_Problem to work on_.
Every line in the listing below from the one with "Keep it brief." through the one with "Read and extract" is to be reproduced exactly, both ends included; leave out the rest.

_Extracted records_.

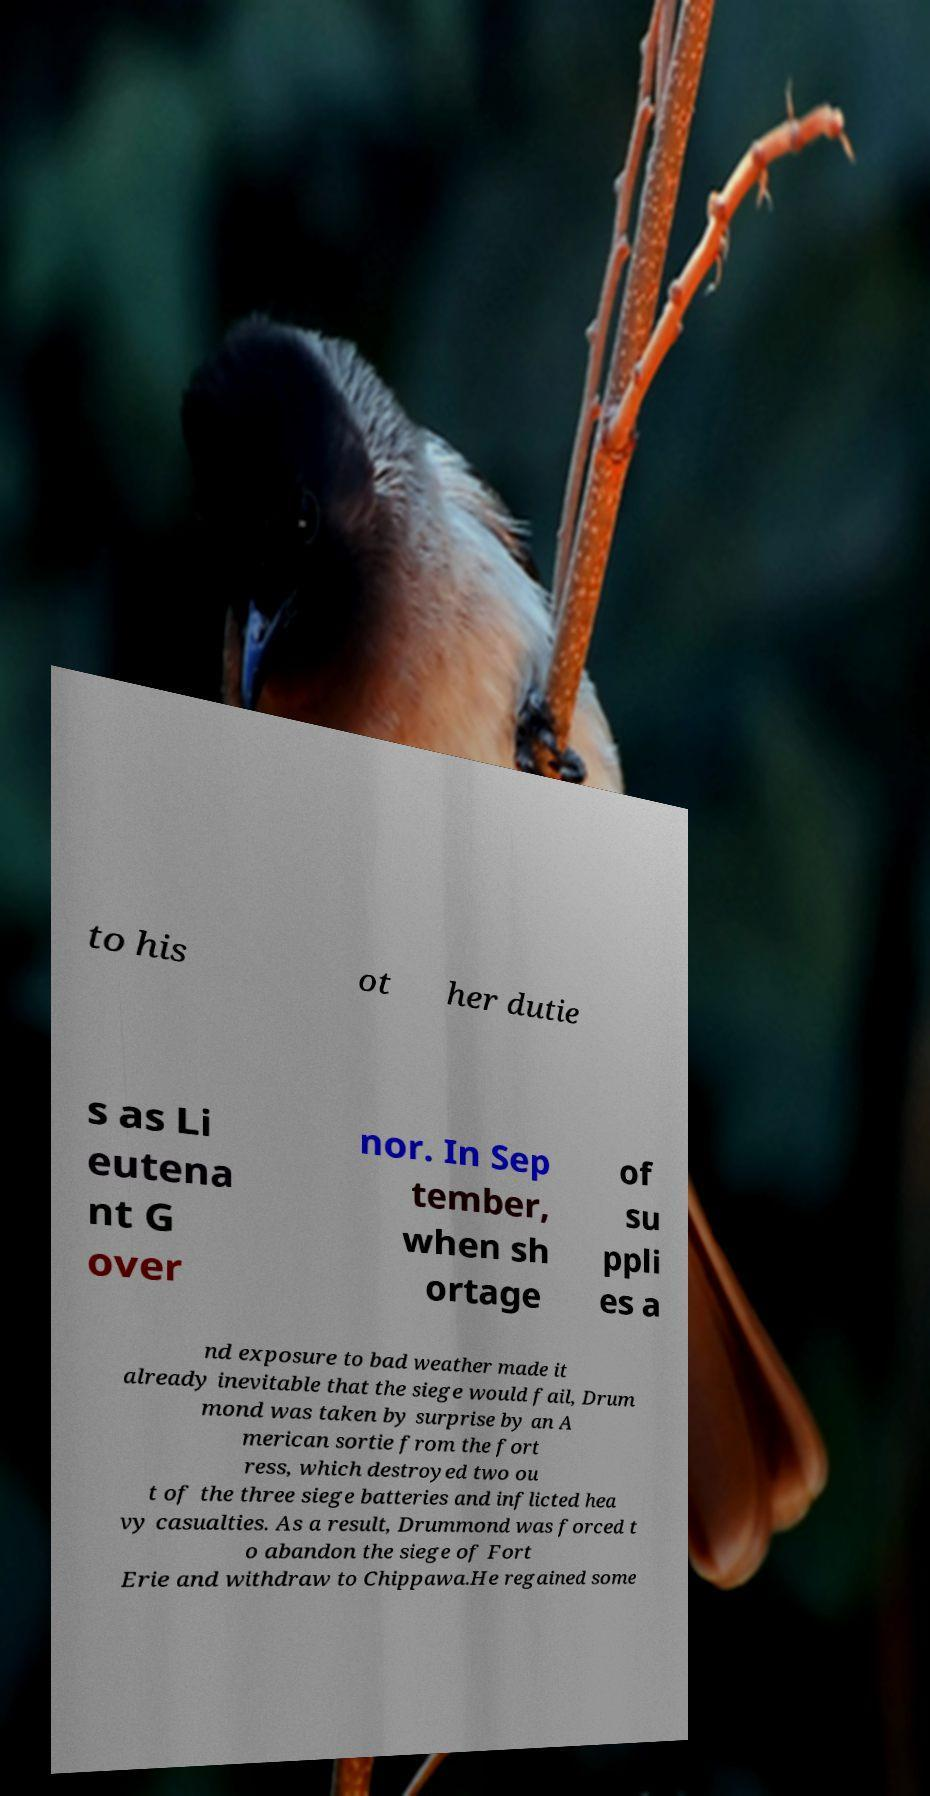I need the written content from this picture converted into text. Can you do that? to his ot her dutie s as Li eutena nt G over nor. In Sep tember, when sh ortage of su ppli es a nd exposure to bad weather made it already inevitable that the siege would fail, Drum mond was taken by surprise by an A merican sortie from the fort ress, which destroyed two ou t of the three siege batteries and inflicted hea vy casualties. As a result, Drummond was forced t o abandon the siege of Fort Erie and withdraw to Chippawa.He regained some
--
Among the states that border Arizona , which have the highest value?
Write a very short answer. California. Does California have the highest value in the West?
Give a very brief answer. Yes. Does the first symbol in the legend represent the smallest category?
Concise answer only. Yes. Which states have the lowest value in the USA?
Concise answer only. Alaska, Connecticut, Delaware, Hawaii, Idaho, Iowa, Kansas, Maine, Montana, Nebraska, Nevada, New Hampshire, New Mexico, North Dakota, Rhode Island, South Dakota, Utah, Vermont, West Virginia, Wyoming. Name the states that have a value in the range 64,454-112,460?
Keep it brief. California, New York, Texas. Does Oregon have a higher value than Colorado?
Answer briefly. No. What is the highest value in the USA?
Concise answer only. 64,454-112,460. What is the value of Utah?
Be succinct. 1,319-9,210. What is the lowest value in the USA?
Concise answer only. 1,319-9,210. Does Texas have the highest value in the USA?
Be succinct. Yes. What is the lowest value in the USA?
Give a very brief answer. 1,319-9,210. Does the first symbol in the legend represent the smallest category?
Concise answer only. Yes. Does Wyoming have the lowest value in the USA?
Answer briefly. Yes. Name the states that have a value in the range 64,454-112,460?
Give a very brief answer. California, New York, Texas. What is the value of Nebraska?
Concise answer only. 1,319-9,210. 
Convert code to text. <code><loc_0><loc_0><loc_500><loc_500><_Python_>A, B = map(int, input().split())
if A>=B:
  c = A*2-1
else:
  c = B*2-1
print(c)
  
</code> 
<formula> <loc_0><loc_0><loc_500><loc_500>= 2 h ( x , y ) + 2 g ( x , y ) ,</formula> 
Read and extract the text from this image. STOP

_Exercise output_.
Keep it brief. California, New York, Texas. Does Oregon have a higher value than Colorado?
Answer briefly. No. What is the highest value in the USA?
Concise answer only. 64,454-112,460. What is the value of Utah?
Be succinct. 1,319-9,210. What is the lowest value in the USA?
Concise answer only. 1,319-9,210. Does Texas have the highest value in the USA?
Be succinct. Yes. What is the lowest value in the USA?
Give a very brief answer. 1,319-9,210. Does the first symbol in the legend represent the smallest category?
Concise answer only. Yes. Does Wyoming have the lowest value in the USA?
Answer briefly. Yes. Name the states that have a value in the range 64,454-112,460?
Give a very brief answer. California, New York, Texas. What is the value of Nebraska?
Concise answer only. 1,319-9,210. 
Convert code to text. <code><loc_0><loc_0><loc_500><loc_500><_Python_>A, B = map(int, input().split())
if A>=B:
  c = A*2-1
else:
  c = B*2-1
print(c)
  
</code> 
<formula> <loc_0><loc_0><loc_500><loc_500>= 2 h ( x , y ) + 2 g ( x , y ) ,</formula> 
Read and extract the text from this image. STOP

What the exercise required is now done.